When cyclic voltammetry (CV) curves of the electrodes were measured at a potential ranging from −0.8 to +0.2 V (vs. Ag/AgCl)²¹ and a scan rate of 10 mV s⁻¹, the GF and EGF electrodes show areal capacitance of 44.4 mF cm⁻² and 756 mF cm⁻², respectively²² (Fig. 3a). With Brunauer–Emmett–Teller (BET) analysis, the surface area increased from 17.1 m² g⁻¹ for the GF electrode to 33.5 m² g⁻¹ for the EGF electrode. These results confirm that the areal capacitance of the GF was about 17 times improved by the simple in situ electrochemical exfoliation method. The CV curves of the MEGF electrode were measured at a potential ranging from +0.2 to +1.2 V (vs. Ag/AgCl)²¹ and a scan rate of 10 mV s⁻¹ and show an areal capacitance of 563 mF cm⁻², which suggest that the in situ electrochemical exfoliation method was effective to increase the areal capacitance of GF in the Mn-containing electrolyte solution (Fig. 3b). Even as the scan speed is increased from 10 mV s⁻¹ to 100 mV s⁻¹, both the EGF and the MEGF electrodes show stable operation in the general potential window range without any significant original shape distortion.

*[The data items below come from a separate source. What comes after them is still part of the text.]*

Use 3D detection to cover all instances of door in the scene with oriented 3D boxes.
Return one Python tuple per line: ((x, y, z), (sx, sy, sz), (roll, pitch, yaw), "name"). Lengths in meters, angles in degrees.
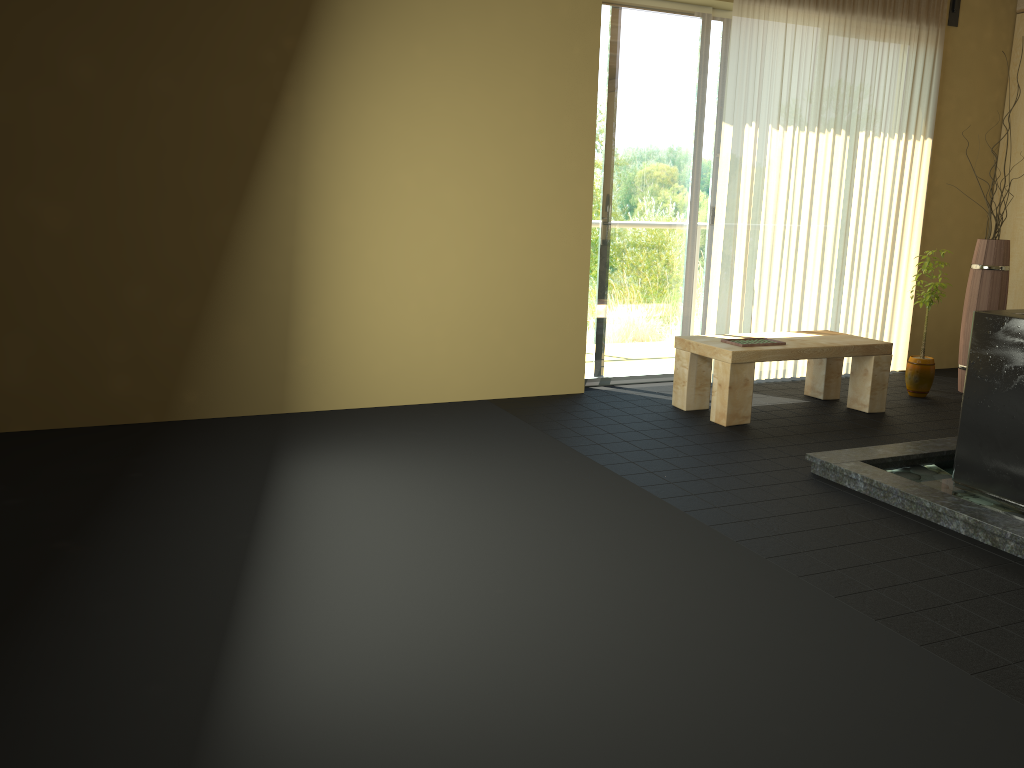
((0.862, -1.135, 5.492), (1.038, 2.326, 0.063), (-3, 12, -25), "door")

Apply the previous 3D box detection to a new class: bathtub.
((3.018, -0.125, 3.492), (2.132, 1.159, 1.070), (-3, 12, -24), "bathtub")

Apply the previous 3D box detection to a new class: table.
((1.529, -0.054, 5.034), (1.125, 0.399, 0.514), (-3, 13, -24), "table")

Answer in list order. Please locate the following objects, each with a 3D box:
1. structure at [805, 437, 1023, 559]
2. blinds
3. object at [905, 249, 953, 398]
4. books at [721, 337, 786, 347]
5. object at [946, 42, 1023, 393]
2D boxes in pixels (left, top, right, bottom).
((3.410, 0.587, 3.780), (3.801, 0.634, 1.977), (-3, 13, -24), "structure")
((2.099, -1.318, 5.767), (1.944, 2.573, 0.064), (-4, 12, -25), "blinds")
((2.549, -0.384, 5.469), (0.242, 0.927, 0.267), (4, 11, 14), "object")
((1.311, -0.228, 4.819), (0.294, 0.014, 0.182), (-3, 13, -24), "books")
((2.965, -1.025, 5.585), (0.468, 2.174, 0.463), (7, 12, 26), "object")

The galvanostatic charge–discharge (GCD) curves of the EGF and the MEGF electrodes were produced to further study the electrochemical properties at various current densities.

Fig. 3 CV curves of (a) the EGF and (b) MEGF in three-electrode system at various scan rates. GCD curves of (c) EGF and (d) MEGF at various current densities. (e) Areal capacitance of the electrodes at different current densities. (f) EIS analysis of the electrodes.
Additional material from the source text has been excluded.